Among metro areas in the Northeast and Midwest, where pre-war homes are a much larger share of the housing stock, central air is fairly standard in newer homes, while window units have been added to many older homes. For instance, 95% of post-1990 Detroit homes and 77% of post-1990 Rochester homes were built with central air, compared to less than 40% and 20% of pre-1940 homes in those locations, respectively. The Pacific Northwest, known for its mild summers, is one region where air conditioning has not become standard in new construction; less than half of Seattle homes built after 1990 have any form of AC, and less than one-third have central air.

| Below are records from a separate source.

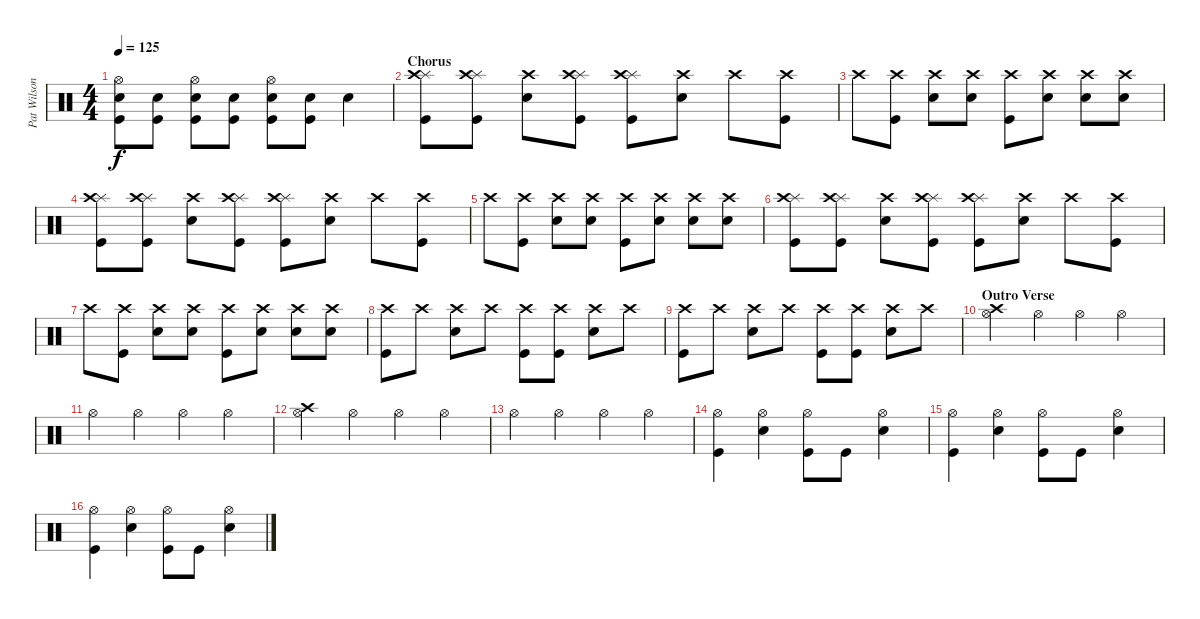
\track ("Pat Wilson-Drums" "Pat Wilson") {instrument percussion}
\staff {score}
\articulation defaults
\ts (4 4)
\tempo 125
\clef neutral
\ks c
("Snare (hit) 2" "Kick (hit)" "Hi-Hat (open)").8{dy f} ("Snare (hit) 2" "Kick (hit)").8 ("Snare (hit) 2" "Kick (hit)" "Hi-Hat (open)").8 ("Snare (hit) 2" "Kick (hit)").8 ("Snare (hit) 2" "Kick (hit)" "Hi-Hat (open)").8 ("Snare (hit) 2" "Kick (hit)").8 "Snare (hit) 2".4 |
\section ("" "Chorus")
("Splash (hit)" "Kick (hit)" "Crash high (hit)").8 ("Splash (hit)" "Kick (hit)" "Crash high (hit)").8 ("Snare (hit) 2" "Crash high (hit)").8 ("Splash (hit)" "Kick (hit)" "Crash high (hit)").8 ("Splash (hit)" "Kick (hit)" "Crash high (hit)").8 ("Snare (hit) 2" "Crash high (hit)").8 "Crash high (hit)".8 ("Kick (hit)" "Crash high (hit)").8 |
"Crash high (hit)".8 ("Kick (hit)" "Crash high (hit)").8 ("Snare (hit) 2" "Crash high (hit)").8 ("Snare (hit) 2" "Crash high (hit)").8 ("Kick (hit)" "Crash high (hit)").8 ("Snare (hit) 2" "Crash high (hit)").8 ("Snare (hit) 2" "Crash high (hit)").8 ("Snare (hit) 2" "Crash high (hit)").8 |
("Splash (hit)" "Kick (hit)" "Crash high (hit)").8 ("Splash (hit)" "Kick (hit)" "Crash high (hit)").8 ("Snare (hit) 2" "Crash high (hit)").8 ("Splash (hit)" "Kick (hit)" "Crash high (hit)").8 ("Splash (hit)" "Kick (hit)" "Crash high (hit)").8 ("Snare (hit) 2" "Crash high (hit)").8 "Crash high (hit)".8 ("Kick (hit)" "Crash high (hit)").8 |
"Crash high (hit)".8 ("Kick (hit)" "Crash high (hit)").8 ("Snare (hit) 2" "Crash high (hit)").8 ("Snare (hit) 2" "Crash high (hit)").8 ("Kick (hit)" "Crash high (hit)").8 ("Snare (hit) 2" "Crash high (hit)").8 ("Snare (hit) 2" "Crash high (hit)").8 ("Snare (hit) 2" "Crash high (hit)").8 |
("Splash (hit)" "Kick (hit)" "Crash high (hit)").8 ("Splash (hit)" "Kick (hit)" "Crash high (hit)").8 ("Snare (hit) 2" "Crash high (hit)").8 ("Splash (hit)" "Kick (hit)" "Crash high (hit)").8 ("Splash (hit)" "Kick (hit)" "Crash high (hit)").8 ("Snare (hit) 2" "Crash high (hit)").8 "Crash high (hit)".8 ("Kick (hit)" "Crash high (hit)").8 |
"Crash high (hit)".8 ("Kick (hit)" "Crash high (hit)").8 ("Snare (hit) 2" "Crash high (hit)").8 ("Snare (hit) 2" "Crash high (hit)").8 ("Kick (hit)" "Crash high (hit)").8 ("Snare (hit) 2" "Crash high (hit)").8 ("Snare (hit) 2" "Crash high (hit)").8 ("Snare (hit) 2" "Crash high (hit)").8 |
("Kick (hit)" "Crash high (hit)").8 "Crash high (hit)".8 ("Snare (hit) 2" "Crash high (hit)").8 "Crash high (hit)".8 ("Kick (hit)" "Crash high (hit)").8 ("Kick (hit)" "Crash high (hit)").8 ("Snare (hit) 2" "Crash high (hit)").8 "Crash high (hit)".8 |
("Kick (hit)" "Crash high (hit)").8 "Crash high (hit)".8 ("Snare (hit) 2" "Crash high (hit)").8 "Crash high (hit)".8 ("Kick (hit)" "Crash high (hit)").8 ("Kick (hit)" "Crash high (hit)").8 ("Snare (hit) 2" "Crash high (hit)").8 "Crash high (hit)".8 |
\section ("" "Outro Verse")
("Crash high (hit)" "Hi-Hat (open)").4 "Hi-Hat (open)".4 "Hi-Hat (open)".4 "Hi-Hat (open)".4 |
"Hi-Hat (open)".4 "Hi-Hat (open)".4 "Hi-Hat (open)".4 "Hi-Hat (open)".4 |
("Crash high (hit)" "Hi-Hat (open)").4 "Hi-Hat (open)".4 "Hi-Hat (open)".4 "Hi-Hat (open)".4 |
"Hi-Hat (open)".4 "Hi-Hat (open)".4 "Hi-Hat (open)".4 "Hi-Hat (open)".4 |
("Kick (hit)" "Hi-Hat (open)").4 ("Snare (hit) 2" "Hi-Hat (open)").4 ("Kick (hit)" "Hi-Hat (open)").8 "Kick (hit)".8 ("Snare (hit) 2" "Hi-Hat (open)").4 |
("Kick (hit)" "Hi-Hat (open)").4 ("Snare (hit) 2" "Hi-Hat (open)").4 ("Kick (hit)" "Hi-Hat (open)").8 "Kick (hit)".8 ("Snare (hit) 2" "Hi-Hat (open)").4 |
("Kick (hit)" "Hi-Hat (open)").4 ("Snare (hit) 2" "Hi-Hat (open)").4 ("Kick (hit)" "Hi-Hat (open)").8 "Kick (hit)".8 ("Snare (hit) 2" "Hi-Hat (open)").4

Policymakers need short- and long-term strategies to reduce the impacts of extreme heat
As climate change makes spells of extreme heat more common across the U.S., policymakers should consider a range of adaptation and mitigation strategies to protect the public’s health and safety. Short- term options include distributing high-efficiency AC units to homeowners and landlords, especially those who own older properties. Many low-income households already face high housing and energy cost burdens and cannot afford the extra electricity costs associated with AC, so expanding utility subsidies (at least during heat waves) may be needed. Local governments should also expand the number of cooling centers (often held in schools, libraries, churches, and other anchor institutions), especially in low-income, Black, and Latino or Hispanic communities where AC access is limited.

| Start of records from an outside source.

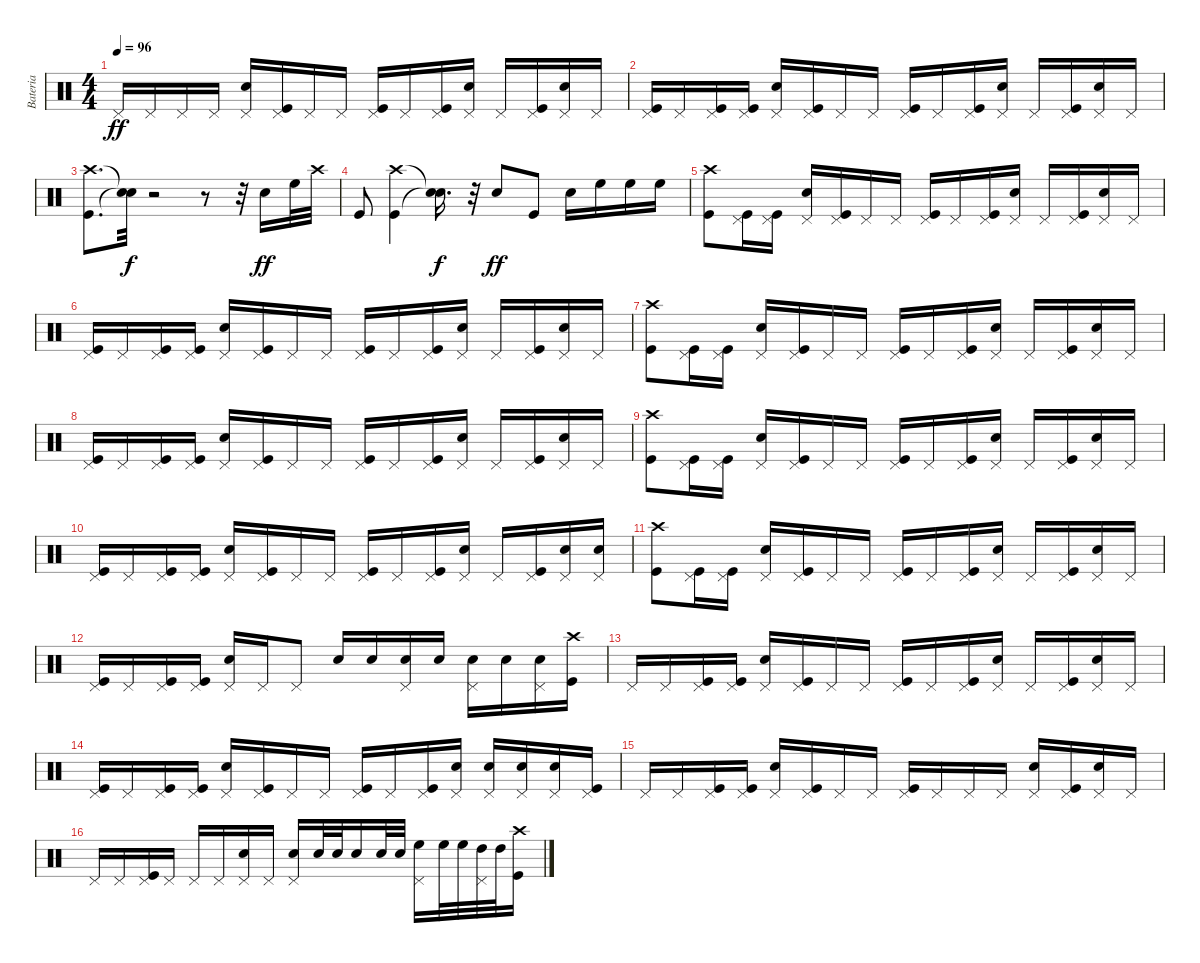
\track ("Bateria" "Bateria") {instrument percussion}
\staff {score}
\articulation defaults
\ts (4 4)
\tempo 96
\clef neutral
\ks c "Pedal Hi-Hat (hit)".16{dy ff} "Pedal Hi-Hat (hit)".16 "Pedal Hi-Hat (hit)".16 "Pedal Hi-Hat (hit)".16
("Snare (hit) 2" "Pedal Hi-Hat (hit)").16 ("Kick (hit)" "Pedal Hi-Hat (hit)").16 "Pedal Hi-Hat (hit)".16 "Pedal Hi-Hat (hit)".16 ("Kick (hit)" "Pedal Hi-Hat (hit)").16 "Pedal Hi-Hat (hit)".16 ("Kick (hit)" "Pedal Hi-Hat (hit)").16 ("Snare (hit) 2" "Pedal Hi-Hat (hit)").16 "Pedal Hi-Hat (hit)".16 ("Kick (hit)" "Pedal Hi-Hat (hit)").16 ("Snare (hit) 2" "Pedal Hi-Hat (hit)").16 "Pedal Hi-Hat (hit)".16 |
("Kick (hit)" "Pedal Hi-Hat (hit)").16 "Pedal Hi-Hat (hit)".16 ("Kick (hit)" "Pedal Hi-Hat (hit)").16 ("Kick (hit)" "Pedal Hi-Hat (hit)").16 ("Snare (hit) 2" "Pedal Hi-Hat (hit)").16 ("Kick (hit)" "Pedal Hi-Hat (hit)").16 "Pedal Hi-Hat (hit)".16 "Pedal Hi-Hat (hit)".16 ("Kick (hit)" "Pedal Hi-Hat (hit)").16 "Pedal Hi-Hat (hit)".16 ("Kick (hit)" "Pedal Hi-Hat (hit)").16 ("Snare (hit) 2" "Pedal Hi-Hat (hit)").16 "Pedal Hi-Hat (hit)".16 ("Kick (hit)" "Pedal Hi-Hat (hit)").16 ("Snare (hit) 2" "Pedal Hi-Hat (hit)").16 "Pedal Hi-Hat (hit)".16 |
("Kick (hit)" "Crash high (hit)").8{d} ("Snare (hit)"{t} "Snare (hit)"{t}).32{dy f} r.2 r.8 r.32 "Snare (hit) 2".16{dy ff} "High Floor Tom (hit)".32 "Crash high (hit)".32 |
"Kick (hit)".8 ("Kick (hit)" "Crash high (hit)").4 ("Snare (hit)"{t} "Snare (hit)"{t}).16{d dy f} r.32 "Snare (hit) 2".8{dy ff} "Kick (hit)".8 "Snare (hit) 2".16 "High Floor Tom (hit)".16 "High Floor Tom (hit)".16 "High Floor Tom (hit)".16 |
("Kick (hit)" "Crash high (hit)").8 ("Kick (hit)" "Pedal Hi-Hat (hit)").16 ("Kick (hit)" "Pedal Hi-Hat (hit)").16 ("Snare (hit) 2" "Pedal Hi-Hat (hit)").16 ("Kick (hit)" "Pedal Hi-Hat (hit)").16 "Pedal Hi-Hat (hit)".16 "Pedal Hi-Hat (hit)".16 ("Kick (hit)" "Pedal Hi-Hat (hit)").16 "Pedal Hi-Hat (hit)".16 ("Kick (hit)" "Pedal Hi-Hat (hit)").16 ("Snare (hit) 2" "Pedal Hi-Hat (hit)").16 "Pedal Hi-Hat (hit)".16 ("Kick (hit)" "Pedal Hi-Hat (hit)").16 ("Snare (hit) 2" "Pedal Hi-Hat (hit)").16 "Pedal Hi-Hat (hit)".16 |
("Kick (hit)" "Pedal Hi-Hat (hit)").16 "Pedal Hi-Hat (hit)".16 ("Kick (hit)" "Pedal Hi-Hat (hit)").16 ("Kick (hit)" "Pedal Hi-Hat (hit)").16 ("Snare (hit) 2" "Pedal Hi-Hat (hit)").16 ("Kick (hit)" "Pedal Hi-Hat (hit)").16 "Pedal Hi-Hat (hit)".16 "Pedal Hi-Hat (hit)".16 ("Kick (hit)" "Pedal Hi-Hat (hit)").16 "Pedal Hi-Hat (hit)".16 ("Kick (hit)" "Pedal Hi-Hat (hit)").16 ("Snare (hit) 2" "Pedal Hi-Hat (hit)").16 "Pedal Hi-Hat (hit)".16 ("Kick (hit)" "Pedal Hi-Hat (hit)").16 ("Snare (hit) 2" "Pedal Hi-Hat (hit)").16 "Pedal Hi-Hat (hit)".16 |
("Kick (hit)" "Crash high (hit)").8 ("Kick (hit)" "Pedal Hi-Hat (hit)").16 ("Kick (hit)" "Pedal Hi-Hat (hit)").16 ("Snare (hit) 2" "Pedal Hi-Hat (hit)").16 ("Kick (hit)" "Pedal Hi-Hat (hit)").16 "Pedal Hi-Hat (hit)".16 "Pedal Hi-Hat (hit)".16 ("Kick (hit)" "Pedal Hi-Hat (hit)").16 "Pedal Hi-Hat (hit)".16 ("Kick (hit)" "Pedal Hi-Hat (hit)").16 ("Snare (hit) 2" "Pedal Hi-Hat (hit)").16 "Pedal Hi-Hat (hit)".16 ("Kick (hit)" "Pedal Hi-Hat (hit)").16 ("Snare (hit) 2" "Pedal Hi-Hat (hit)").16 "Pedal Hi-Hat (hit)".16 |
("Kick (hit)" "Pedal Hi-Hat (hit)").16 "Pedal Hi-Hat (hit)".16 ("Kick (hit)" "Pedal Hi-Hat (hit)").16 ("Kick (hit)" "Pedal Hi-Hat (hit)").16 ("Snare (hit) 2" "Pedal Hi-Hat (hit)").16 ("Kick (hit)" "Pedal Hi-Hat (hit)").16 "Pedal Hi-Hat (hit)".16 "Pedal Hi-Hat (hit)".16 ("Kick (hit)" "Pedal Hi-Hat (hit)").16 "Pedal Hi-Hat (hit)".16 ("Kick (hit)" "Pedal Hi-Hat (hit)").16 ("Snare (hit) 2" "Pedal Hi-Hat (hit)").16 "Pedal Hi-Hat (hit)".16 ("Kick (hit)" "Pedal Hi-Hat (hit)").16 ("Snare (hit) 2" "Pedal Hi-Hat (hit)").16 "Pedal Hi-Hat (hit)".16 |
("Kick (hit)" "Crash high (hit)").8 ("Kick (hit)" "Pedal Hi-Hat (hit)").16 ("Kick (hit)" "Pedal Hi-Hat (hit)").16 ("Snare (hit) 2" "Pedal Hi-Hat (hit)").16 ("Kick (hit)" "Pedal Hi-Hat (hit)").16 "Pedal Hi-Hat (hit)".16 "Pedal Hi-Hat (hit)".16 ("Kick (hit)" "Pedal Hi-Hat (hit)").16 "Pedal Hi-Hat (hit)".16 ("Kick (hit)" "Pedal Hi-Hat (hit)").16 ("Snare (hit) 2" "Pedal Hi-Hat (hit)").16 "Pedal Hi-Hat (hit)".16 ("Kick (hit)" "Pedal Hi-Hat (hit)").16 ("Snare (hit) 2" "Pedal Hi-Hat (hit)").16 "Pedal Hi-Hat (hit)".16 |
("Kick (hit)" "Pedal Hi-Hat (hit)").16 "Pedal Hi-Hat (hit)".16 ("Kick (hit)" "Pedal Hi-Hat (hit)").16 ("Kick (hit)" "Pedal Hi-Hat (hit)").16 ("Snare (hit) 2" "Pedal Hi-Hat (hit)").16 ("Kick (hit)" "Pedal Hi-Hat (hit)").16 "Pedal Hi-Hat (hit)".16 "Pedal Hi-Hat (hit)".16 ("Kick (hit)" "Pedal Hi-Hat (hit)").16 "Pedal Hi-Hat (hit)".16 ("Kick (hit)" "Pedal Hi-Hat (hit)").16 ("Snare (hit) 2" "Pedal Hi-Hat (hit)").16 "Pedal Hi-Hat (hit)".16 ("Kick (hit)" "Pedal Hi-Hat (hit)").16 ("Snare (hit) 2" "Pedal Hi-Hat (hit)").16 ("Snare (hit) 2" "Pedal Hi-Hat (hit)").16 |
("Kick (hit)" "Crash high (hit)").8 ("Kick (hit)" "Pedal Hi-Hat (hit)").16 ("Kick (hit)" "Pedal Hi-Hat (hit)").16 ("Snare (hit) 2" "Pedal Hi-Hat (hit)").16 ("Kick (hit)" "Pedal Hi-Hat (hit)").16 "Pedal Hi-Hat (hit)".16 "Pedal Hi-Hat (hit)".16 ("Kick (hit)" "Pedal Hi-Hat (hit)").16 "Pedal Hi-Hat (hit)".16 ("Kick (hit)" "Pedal Hi-Hat (hit)").16 ("Snare (hit) 2" "Pedal Hi-Hat (hit)").16 "Pedal Hi-Hat (hit)".16 ("Kick (hit)" "Pedal Hi-Hat (hit)").16 ("Snare (hit) 2" "Pedal Hi-Hat (hit)").16 "Pedal Hi-Hat (hit)".16 |
("Kick (hit)" "Pedal Hi-Hat (hit)").16 "Pedal Hi-Hat (hit)".16 ("Kick (hit)" "Pedal Hi-Hat (hit)").16 ("Kick (hit)" "Pedal Hi-Hat (hit)").16 ("Snare (hit) 2" "Pedal Hi-Hat (hit)").16 "Pedal Hi-Hat (hit)".16 "Pedal Hi-Hat (hit)".8 "Snare (hit) 2".16 "Snare (hit) 2".16 ("Snare (hit) 2" "Pedal Hi-Hat (hit)").16 "Snare (hit) 2".16 ("Snare (hit) 2" "Pedal Hi-Hat (hit)").16 "Snare (hit) 2".16 ("Snare (hit) 2" "Pedal Hi-Hat (hit)").16 ("Kick (hit)" "Crash high (hit)").16 |
"Pedal Hi-Hat (hit)".16 "Pedal Hi-Hat (hit)".16 ("Kick (hit)" "Pedal Hi-Hat (hit)").16 ("Kick (hit)" "Pedal Hi-Hat (hit)").16 ("Snare (hit) 2" "Pedal Hi-Hat (hit)").16 ("Kick (hit)" "Pedal Hi-Hat (hit)").16 "Pedal Hi-Hat (hit)".16 "Pedal Hi-Hat (hit)".16 ("Kick (hit)" "Pedal Hi-Hat (hit)").16 "Pedal Hi-Hat (hit)".16 ("Kick (hit)" "Pedal Hi-Hat (hit)").16 ("Snare (hit) 2" "Pedal Hi-Hat (hit)").16 "Pedal Hi-Hat (hit)".16 ("Kick (hit)" "Pedal Hi-Hat (hit)").16 ("Snare (hit) 2" "Pedal Hi-Hat (hit)").16 "Pedal Hi-Hat (hit)".16 |
("Kick (hit)" "Pedal Hi-Hat (hit)").16 "Pedal Hi-Hat (hit)".16 ("Kick (hit)" "Pedal Hi-Hat (hit)").16 ("Kick (hit)" "Pedal Hi-Hat (hit)").16 ("Snare (hit) 2" "Pedal Hi-Hat (hit)").16 ("Kick (hit)" "Pedal Hi-Hat (hit)").16 "Pedal Hi-Hat (hit)".16 "Pedal Hi-Hat (hit)".16 ("Kick (hit)" "Pedal Hi-Hat (hit)").16 "Pedal Hi-Hat (hit)".16 ("Kick (hit)" "Pedal Hi-Hat (hit)").16 ("Snare (hit) 2" "Pedal Hi-Hat (hit)").16 ("Snare (hit) 2" "Pedal Hi-Hat (hit)").16 ("Snare (hit) 2" "Pedal Hi-Hat (hit)").16 ("Snare (hit) 2" "Pedal Hi-Hat (hit)").16 ("Kick (hit)" "Pedal Hi-Hat (hit)").16 |
"Pedal Hi-Hat (hit)".16 "Pedal Hi-Hat (hit)".16 ("Kick (hit)" "Pedal Hi-Hat (hit)").16 ("Kick (hit)" "Pedal Hi-Hat (hit)").16 ("Snare (hit) 2" "Pedal Hi-Hat (hit)").16 ("Kick (hit)" "Pedal Hi-Hat (hit)").16 "Pedal Hi-Hat (hit)".16 "Pedal Hi-Hat (hit)".16 ("Kick (hit)" "Pedal Hi-Hat (hit)").16 "Pedal Hi-Hat (hit)".16 "Pedal Hi-Hat (hit)".16 "Pedal Hi-Hat (hit)".16 ("Snare (hit) 2" "Pedal Hi-Hat (hit)").16 ("Kick (hit)" "Pedal Hi-Hat (hit)").16 ("Snare (hit) 2" "Pedal Hi-Hat (hit)").16 "Pedal Hi-Hat (hit)".16 |
"Pedal Hi-Hat (hit)".16 "Pedal Hi-Hat (hit)".16 ("Kick (hit)" "Pedal Hi-Hat (hit)").16 "Pedal Hi-Hat (hit)".16 "Pedal Hi-Hat (hit)".16 "Pedal Hi-Hat (hit)".16 ("Snare (hit) 2" "Pedal Hi-Hat (hit)").16 "Pedal Hi-Hat (hit)".16 ("Snare (hit) 2" "Pedal Hi-Hat (hit)").16 "Snare (hit) 2".32 "Snare (hit) 2".32 "Snare (hit) 2".16 "Snare (hit) 2".32 "Snare (hit) 2".32 ("Pedal Hi-Hat (hit)" "High Floor Tom (hit)").16 "High Floor Tom (hit)".32 "High Floor Tom (hit)".32 ("Pedal Hi-Hat (hit)" "High Tom (hit)").32 "High Tom (hit)".32 ("Kick (hit)" "Crash high (hit)").16

Longer-term options include expanding subsidies and technical assistance for property owners—both homeowners and landlords—to weatherize their buildings. Local and state governments should also prepare for a warmer future by reducing the effects of urban heat islands. Strategies such as planting trees, maintaining parks, building fountains and mists, financing green or cool roofs, and installing lighter colored pavement are relatively quick and low-cost, unlike long-term goals such as more climate-friendly land use.
Any policymakers who grumble at public investments to build more heat-resilient communities should consider the benefits: lower expenditures on paramedics and hospitals called to treat heat-related illnesses, not to mention saving human lives.